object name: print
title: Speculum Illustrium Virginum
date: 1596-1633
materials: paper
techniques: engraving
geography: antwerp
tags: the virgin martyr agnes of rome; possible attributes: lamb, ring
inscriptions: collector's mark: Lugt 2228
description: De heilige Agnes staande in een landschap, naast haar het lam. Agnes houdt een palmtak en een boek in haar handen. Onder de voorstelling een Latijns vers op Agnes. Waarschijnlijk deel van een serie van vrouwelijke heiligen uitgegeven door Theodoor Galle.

====

Exercise goal: Starting from the line with "techniques: engraving" and ending with the final line of the data, quote every line exactly, both ends included.

Reply:
techniques: engraving
geography: antwerp
tags: the virgin martyr agnes of rome; possible attributes: lamb, ring
inscriptions: collector's mark: Lugt 2228
description: De heilige Agnes staande in een landschap, naast haar het lam. Agnes houdt een palmtak en een boek in haar handen. Onder de voorstelling een Latijns vers op Agnes. Waarschijnlijk deel van een serie van vrouwelijke heiligen uitgegeven door Theodoor Galle.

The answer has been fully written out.